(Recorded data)
- Opening Delimiter -

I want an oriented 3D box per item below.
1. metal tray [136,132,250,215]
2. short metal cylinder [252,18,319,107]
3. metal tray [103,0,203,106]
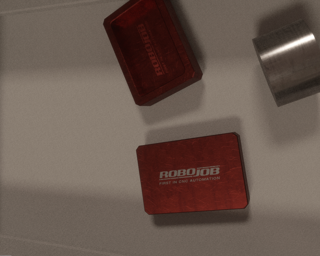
[{"bbox_3d":[0.040,0.058,0.393,0.130,0.030,0.089,-9,87,19],"label":"metal tray"},{"bbox_3d":[0.138,-0.068,0.333,0.050,0.080,0.080,-21,83,18],"label":"short metal cylinder"},{"bbox_3d":[-0.012,-0.104,0.404,0.090,0.030,0.129,-26,82,26],"label":"metal tray"}]
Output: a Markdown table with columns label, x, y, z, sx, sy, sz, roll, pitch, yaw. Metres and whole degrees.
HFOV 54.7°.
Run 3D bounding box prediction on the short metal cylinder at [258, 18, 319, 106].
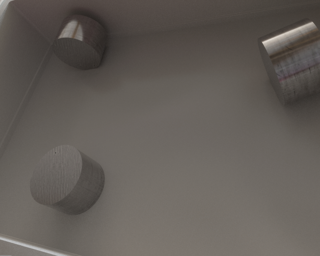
| label | x | y | z | sx | sy | sz | roll | pitch | yaw |
| --- | --- | --- | --- | --- | --- | --- | --- | --- | --- |
| short metal cylinder | 0.146 | -0.071 | 0.337 | 0.050 | 0.080 | 0.080 | -21 | 54 | 15 |

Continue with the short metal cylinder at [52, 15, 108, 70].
| label | x | y | z | sx | sy | sz | roll | pitch | yaw |
| --- | --- | --- | --- | --- | --- | --- | --- | --- | --- |
| short metal cylinder | -0.135 | -0.144 | 0.527 | 0.080 | 0.080 | 0.050 | -3 | 61 | 26 |

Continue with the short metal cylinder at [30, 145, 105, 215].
| label | x | y | z | sx | sy | sz | roll | pitch | yaw |
| --- | --- | --- | --- | --- | --- | --- | --- | --- | --- |
| short metal cylinder | -0.121 | 0.069 | 0.409 | 0.080 | 0.050 | 0.080 | -13 | 56 | 20 |
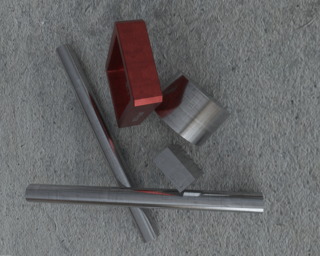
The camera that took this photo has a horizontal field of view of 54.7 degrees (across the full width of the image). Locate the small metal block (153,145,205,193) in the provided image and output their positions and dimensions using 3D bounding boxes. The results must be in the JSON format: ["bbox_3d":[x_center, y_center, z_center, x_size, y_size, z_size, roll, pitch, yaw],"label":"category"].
[{"bbox_3d":[0.025,0.049,0.387,0.025,0.050,0.050,-44,76,15],"label":"small metal block"}]

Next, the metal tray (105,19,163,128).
[{"bbox_3d":[-0.036,-0.056,0.367,0.030,0.130,0.090,-11,82,-16],"label":"metal tray"}]

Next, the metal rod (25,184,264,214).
[{"bbox_3d":[-0.027,0.088,0.394,0.301,0.025,0.025,0,90,10],"label":"metal rod"}]

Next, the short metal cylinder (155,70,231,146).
[{"bbox_3d":[0.036,-0.024,0.367,0.080,0.080,0.050,44,104,14],"label":"short metal cylinder"}]

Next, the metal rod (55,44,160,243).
[{"bbox_3d":[-0.077,0.015,0.435,0.025,0.025,0.299,-29,81,17],"label":"metal rod"}]
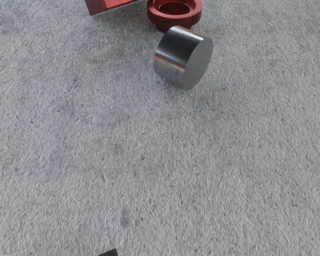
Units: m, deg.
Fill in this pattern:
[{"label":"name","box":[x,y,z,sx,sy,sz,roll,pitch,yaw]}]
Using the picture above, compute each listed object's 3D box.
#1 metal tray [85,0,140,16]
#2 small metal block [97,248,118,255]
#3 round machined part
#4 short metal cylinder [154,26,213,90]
[{"label":"metal tray","box":[-0.065,-0.248,0.578,0.131,0.030,0.090,-27,22,-21]},{"label":"small metal block","box":[-0.055,0.146,0.280,0.050,0.025,0.050,-18,53,-15]},{"label":"round machined part","box":[0.026,-0.208,0.567,0.099,0.042,0.098,0,50,0]},{"label":"short metal cylinder","box":[0.035,-0.103,0.454,0.050,0.080,0.080,30,56,22]}]

- Closing Delimiter -

## TASK
Your answer must be the exact lines from the records above, from the one containing "Run 3D bounding" through the one containing "#3 round machined part", both included, with every picture left out.

## RESPONSE TO THE TASK
Run 3D bounding box prediction on the short metal cylinder at [258, 18, 319, 106].
| label | x | y | z | sx | sy | sz | roll | pitch | yaw |
| --- | --- | --- | --- | --- | --- | --- | --- | --- | --- |
| short metal cylinder | 0.146 | -0.071 | 0.337 | 0.050 | 0.080 | 0.080 | -21 | 54 | 15 |

Continue with the short metal cylinder at [52, 15, 108, 70].
| label | x | y | z | sx | sy | sz | roll | pitch | yaw |
| --- | --- | --- | --- | --- | --- | --- | --- | --- | --- |
| short metal cylinder | -0.135 | -0.144 | 0.527 | 0.080 | 0.080 | 0.050 | -3 | 61 | 26 |

Continue with the short metal cylinder at [30, 145, 105, 215].
| label | x | y | z | sx | sy | sz | roll | pitch | yaw |
| --- | --- | --- | --- | --- | --- | --- | --- | --- | --- |
| short metal cylinder | -0.121 | 0.069 | 0.409 | 0.080 | 0.050 | 0.080 | -13 | 56 | 20 |
The camera that took this photo has a horizontal field of view of 54.7 degrees (across the full width of the image). Locate the small metal block (153,145,205,193) in the provided image and output their positions and dimensions using 3D bounding boxes. The results must be in the JSON format: ["bbox_3d":[x_center, y_center, z_center, x_size, y_size, z_size, roll, pitch, yaw],"label":"category"].
[{"bbox_3d":[0.025,0.049,0.387,0.025,0.050,0.050,-44,76,15],"label":"small metal block"}]

Next, the metal tray (105,19,163,128).
[{"bbox_3d":[-0.036,-0.056,0.367,0.030,0.130,0.090,-11,82,-16],"label":"metal tray"}]

Next, the metal rod (25,184,264,214).
[{"bbox_3d":[-0.027,0.088,0.394,0.301,0.025,0.025,0,90,10],"label":"metal rod"}]

Next, the short metal cylinder (155,70,231,146).
[{"bbox_3d":[0.036,-0.024,0.367,0.080,0.080,0.050,44,104,14],"label":"short metal cylinder"}]

Next, the metal rod (55,44,160,243).
[{"bbox_3d":[-0.077,0.015,0.435,0.025,0.025,0.299,-29,81,17],"label":"metal rod"}]
Units: m, deg.
Fill in this pattern:
[{"label":"name","box":[x,y,z,sx,sy,sz,roll,pitch,yaw]}]
Using the picture above, compute each listed object's 3D box.
#1 metal tray [85,0,140,16]
#2 small metal block [97,248,118,255]
#3 round machined part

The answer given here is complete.